Infrastructure protectionHitting the road: Redefining infrastructure maintenance

Published 11 October 2013

The results of the Remote-Sensing and GIS-enabled Asset Management System, Phase 2 (RS-GAMS2) project, a 2-year, $1.9 million research enterprise, were released in late August. The project promises to revolutionize the way U.S. roads are inventoried, managed, and maintained. Sponsored by grants from the U.S. and Georgia Departments of Transportation, a multi-disciplinary team of researchers has been developing the system for the past two years, using 18,000 miles of Georgia roadways as their laboratory.

Transportation officials and researchers from several states gathered at Georgia Tech on 29 August to review the results of the Remote-Sensing and GIS-enabled Asset Management System, Phase 2 (RS-GAMS2) project, a 2-year, $1.9 million research enterprise that promises to revolutionize the way U.S. roads are inventoried, managed, and maintained.

A Georgia Tech release notes that to the delight of its principal investigator, School of Civil and Environmental Engineering’s (CEE) Dr. James Tsai, this research will also change the way civil engineers do their work.

“Fifty years ago, civil engineers built roads and were done, really. But now the challenge is different. We must maintain those roads in a cost-effective, sustainable way, while not interrupting the flow of traffic,” said Tsai, who partnered with Georgia Tech colleagues Dr. Tony Yezzi (School of Electrical and Computer Engineering [ECE]) and Dr. Zhaohua Wang (College of Architecture [CoA]) on this project.

“The RS-GAMS allows us to easily look at our roads and decide when, where, and what maintenance and rehabilitation methods should be used. It will give us the greatest return on our investment.”

The release reports that the Remote Sensing and GIS-enabled Asset Management System (RS-GAMS) coordinates emerging technologies into a seamless process that more accurately and more cheaply assesses pavement, bridge, and roadway assets. The system employs light detection and ranging (LiDAR), 3D lasers, imaging, inertia detection, and GPS/GIS technologies to collect and analyze data on everything from missing road signs to cracked pavement. It also uses multi-sensor data fusion, image/signal processing, and artificial intelligence algorithms to deliver a complete picture of roadway conditions to maintenance and planning officials.
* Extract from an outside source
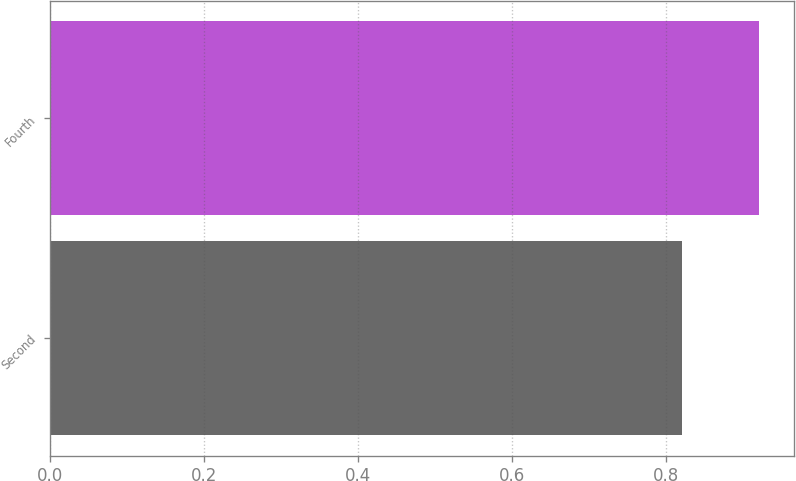Convert chart. <chart><loc_0><loc_0><loc_500><loc_500><bar_chart><fcel>Second<fcel>Fourth<nl><fcel>0.82<fcel>0.92<nl></chart> 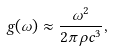Convert formula to latex. <formula><loc_0><loc_0><loc_500><loc_500>g ( \omega ) \approx \frac { \omega ^ { 2 } } { 2 \pi \rho c ^ { 3 } } ,</formula>

Sponsored by grants from the U.S. and Georgia Departments of Transportation, Tsai’s multi-disciplinary research team has been developing the system for the past two years, using 18,000 miles of Georgia roadways as their laboratory.

The August release of their findings couldn’t have come at a better time, according to J. B. Butch Wlaschin, the director of the Office of Asset Management for the Federal Highway Administration (FHWA).

“A new federal law is requiring the states to have comprehensive, data-driven asset management plans in place to show that their pavement and bridges are in a state of good repair. But there are no protocols, no standards, no methodologies for assessing the condition of our roadways from state to state,” says Wlaschin.